Shhh! It's my neighborhood favorite, and although I really want it to prosper, I also want to be able to drop in a find a seat whenever I want.

Definitely one of the perks of Incanto is that one can actually get in there with little notice. The prices are a notch above Delfina, which may be part of the reason why it's not as busy. And they tend not to schedule reservations as close together as a lot of other restaurants.

They have a vastly better wine program than Delfina - a well-priced list full of interesting wines that pair well with the food and are served in proper glassware.

One of the things I really like about Incanto is the way the wines are chosen to match the food. I almost always sit at the bar, and if the wine director is there, I always ask for a recommendation on which wine to get, because I'm not very familiar with Italian wines. Sometimes he has a definitive answer ("This is the wine to get") and sometimes he has a couple of ideas, but he's never steered me wrong.
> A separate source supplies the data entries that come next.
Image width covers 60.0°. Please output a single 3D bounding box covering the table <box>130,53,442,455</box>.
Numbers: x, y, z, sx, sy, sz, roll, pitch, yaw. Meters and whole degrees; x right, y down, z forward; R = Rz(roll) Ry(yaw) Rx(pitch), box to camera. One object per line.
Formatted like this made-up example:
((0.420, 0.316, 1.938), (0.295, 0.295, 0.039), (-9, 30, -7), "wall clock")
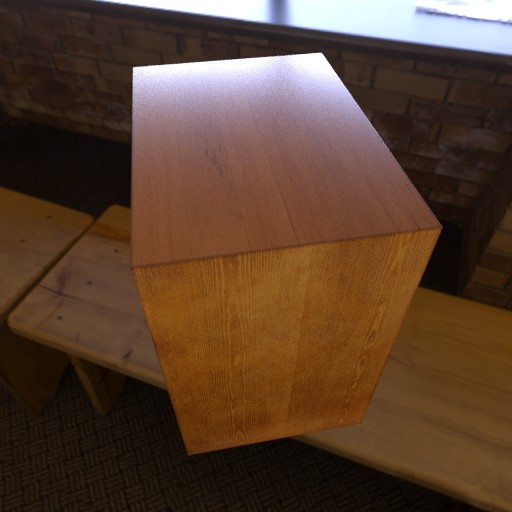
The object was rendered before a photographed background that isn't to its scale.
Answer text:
((0.000, 0.000, 0.947), (0.400, 0.605, 0.550), (-8, 47, -7), "table")
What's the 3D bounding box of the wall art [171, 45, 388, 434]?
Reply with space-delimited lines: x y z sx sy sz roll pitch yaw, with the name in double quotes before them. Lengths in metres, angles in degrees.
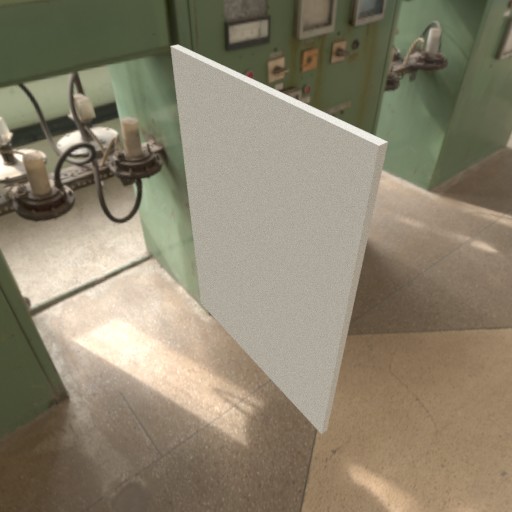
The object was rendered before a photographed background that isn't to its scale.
"wall art" 0.000 0.000 0.692 0.013 0.533 0.381 -27 48 -27
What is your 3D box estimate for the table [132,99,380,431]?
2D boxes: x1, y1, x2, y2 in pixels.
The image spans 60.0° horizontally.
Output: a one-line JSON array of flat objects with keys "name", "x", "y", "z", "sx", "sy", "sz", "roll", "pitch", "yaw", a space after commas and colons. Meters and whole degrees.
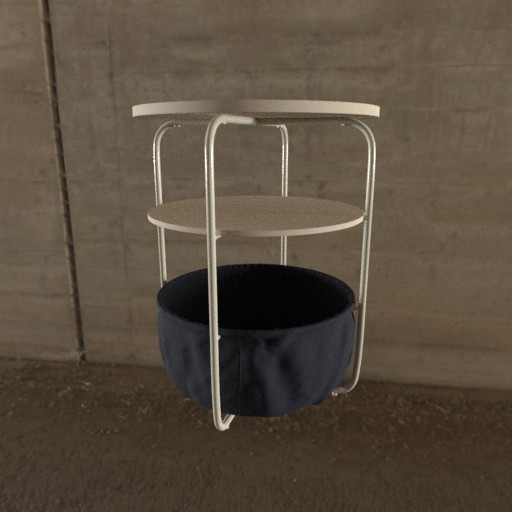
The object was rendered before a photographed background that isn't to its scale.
[{"name": "table", "x": 0.000, "y": 0.000, "z": 0.845, "sx": 0.418, "sy": 0.532, "sz": 0.418, "roll": -7, "pitch": 17, "yaw": -25}]
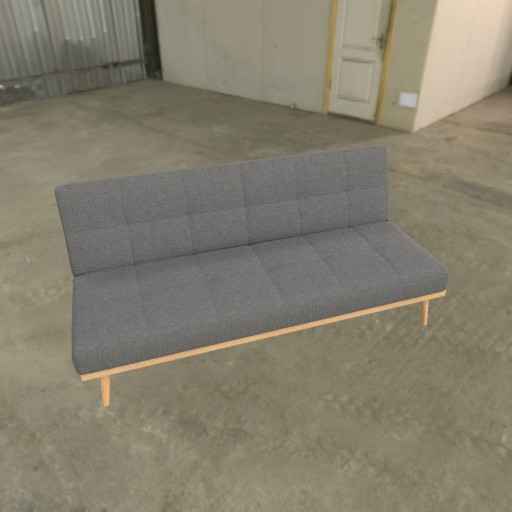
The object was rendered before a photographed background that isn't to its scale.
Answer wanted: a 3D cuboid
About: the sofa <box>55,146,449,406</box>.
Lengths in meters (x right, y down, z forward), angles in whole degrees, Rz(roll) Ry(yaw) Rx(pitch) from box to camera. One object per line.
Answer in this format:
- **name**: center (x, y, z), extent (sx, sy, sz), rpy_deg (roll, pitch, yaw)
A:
- **sofa**: center (0.000, 0.000, 2.272), extent (1.820, 0.770, 0.820), rpy_deg (-10, 35, -15)
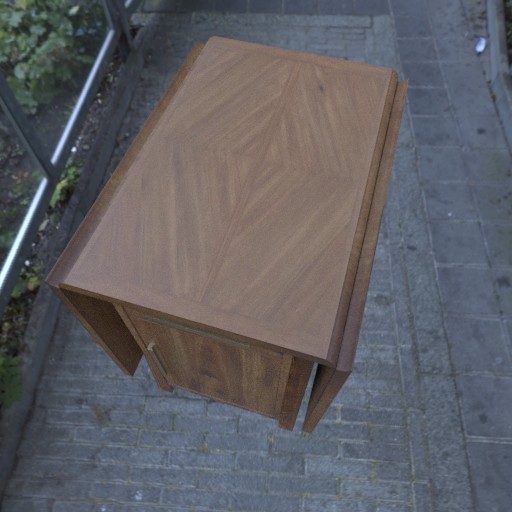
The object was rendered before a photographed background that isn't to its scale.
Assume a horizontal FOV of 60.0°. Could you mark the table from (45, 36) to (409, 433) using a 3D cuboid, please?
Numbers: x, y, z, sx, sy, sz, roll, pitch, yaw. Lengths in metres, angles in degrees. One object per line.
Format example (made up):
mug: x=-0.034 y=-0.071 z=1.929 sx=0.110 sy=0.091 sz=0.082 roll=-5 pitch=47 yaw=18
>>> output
table: x=0.000 y=0.000 z=1.586 sx=0.701 sy=0.981 sz=0.967 roll=15 pitch=59 yaw=9
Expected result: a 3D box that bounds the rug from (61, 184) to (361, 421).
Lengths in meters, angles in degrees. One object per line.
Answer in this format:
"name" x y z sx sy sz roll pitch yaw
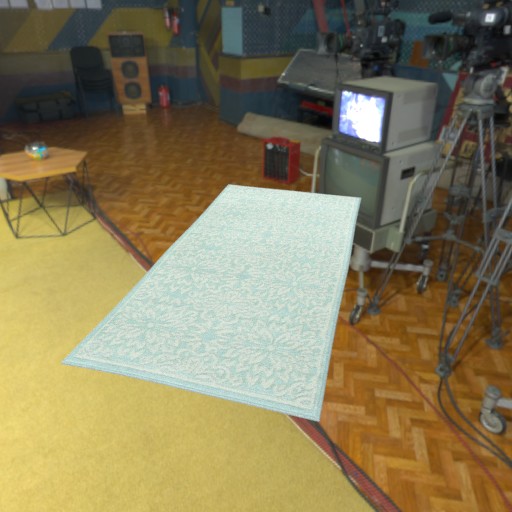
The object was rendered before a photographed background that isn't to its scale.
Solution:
"rug" 0.000 0.000 1.467 0.604 0.007 1.219 8 31 14
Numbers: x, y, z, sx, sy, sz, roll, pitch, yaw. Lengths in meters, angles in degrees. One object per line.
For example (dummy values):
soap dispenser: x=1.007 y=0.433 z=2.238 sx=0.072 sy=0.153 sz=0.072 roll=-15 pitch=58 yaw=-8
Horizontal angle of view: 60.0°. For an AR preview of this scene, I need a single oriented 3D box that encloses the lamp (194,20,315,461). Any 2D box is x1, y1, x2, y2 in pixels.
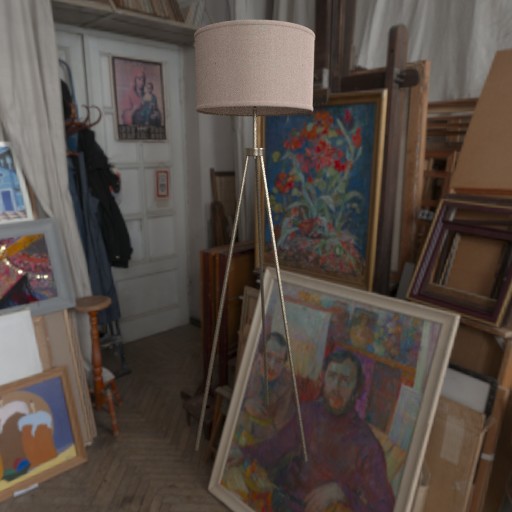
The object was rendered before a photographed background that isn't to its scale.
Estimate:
lamp: x=0.000 y=0.000 z=1.710 sx=0.449 sy=1.545 sz=0.460 roll=2 pitch=13 yaw=9
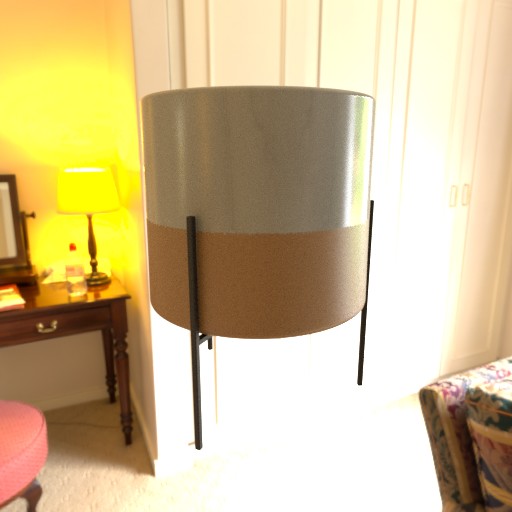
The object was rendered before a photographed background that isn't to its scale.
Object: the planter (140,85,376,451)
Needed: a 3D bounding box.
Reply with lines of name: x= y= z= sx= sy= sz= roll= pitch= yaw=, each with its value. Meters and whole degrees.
planter: x=0.000 y=0.000 z=0.717 sx=0.348 sy=0.480 sz=0.360 roll=7 pitch=15 yaw=26
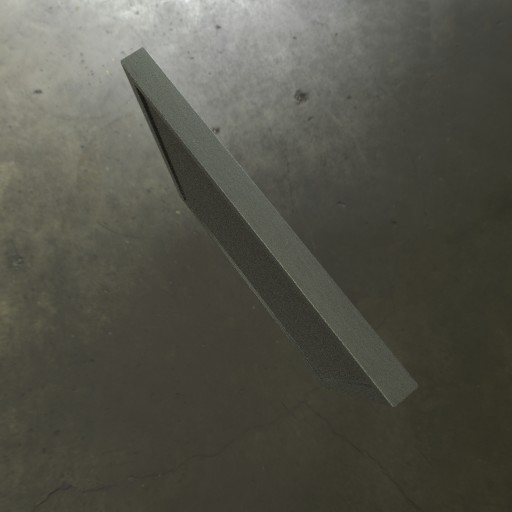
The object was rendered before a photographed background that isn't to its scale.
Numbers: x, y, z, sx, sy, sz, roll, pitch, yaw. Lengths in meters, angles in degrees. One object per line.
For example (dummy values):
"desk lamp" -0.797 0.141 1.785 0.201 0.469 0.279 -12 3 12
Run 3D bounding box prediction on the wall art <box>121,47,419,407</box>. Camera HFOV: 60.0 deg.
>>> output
"wall art" 0.000 0.000 0.533 0.028 0.330 0.380 -36 79 -9
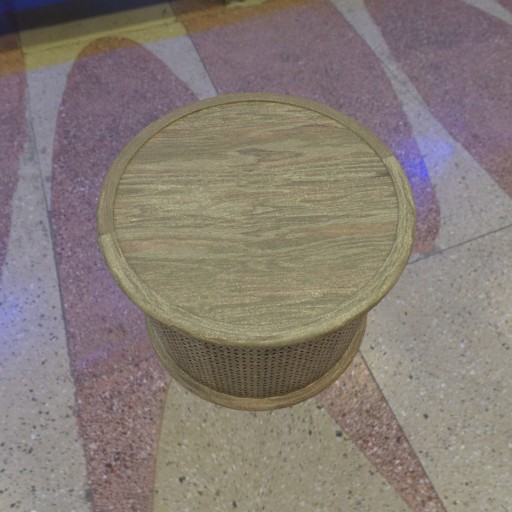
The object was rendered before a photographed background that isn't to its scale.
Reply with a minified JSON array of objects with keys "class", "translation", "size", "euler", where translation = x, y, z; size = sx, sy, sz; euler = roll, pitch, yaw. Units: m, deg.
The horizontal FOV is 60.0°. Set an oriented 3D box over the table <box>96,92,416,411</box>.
[{"class":"table","translation":[0.000,0.000,1.036],"size":[0.607,0.450,0.607],"euler":[0,58,0]}]
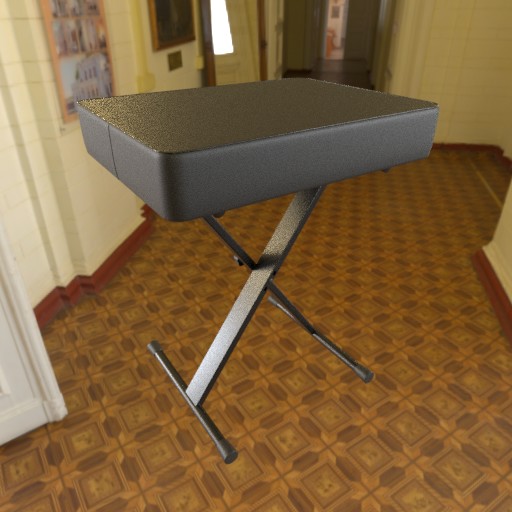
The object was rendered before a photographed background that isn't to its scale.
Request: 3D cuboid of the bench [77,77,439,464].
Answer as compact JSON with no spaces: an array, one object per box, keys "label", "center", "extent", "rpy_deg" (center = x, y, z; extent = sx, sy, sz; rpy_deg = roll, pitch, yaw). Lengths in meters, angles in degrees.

I totally agree with you on Ed (the wine director)'s advice. One of the reason I like Incanto better of late is that I think he's a vast improvement over the Italian sommelier they had before, who was more interested in upselling than in recommending the right wine. I've never been unhappy with a bottle of wine that Ed has recommended.

The other nice thing about the wines is that the glasses come with a sleeve around the base that has the wine info printed on it. So if you drink something you like, you can take the sleeve home instead of having to try to remember it or jot it down on the back of a napkin.

That's indeed a really nice touch, I'm surprised more restaurants haven't caught on to this. Heck, I've never even seen this in a wine bar, where such a system should be mandatory.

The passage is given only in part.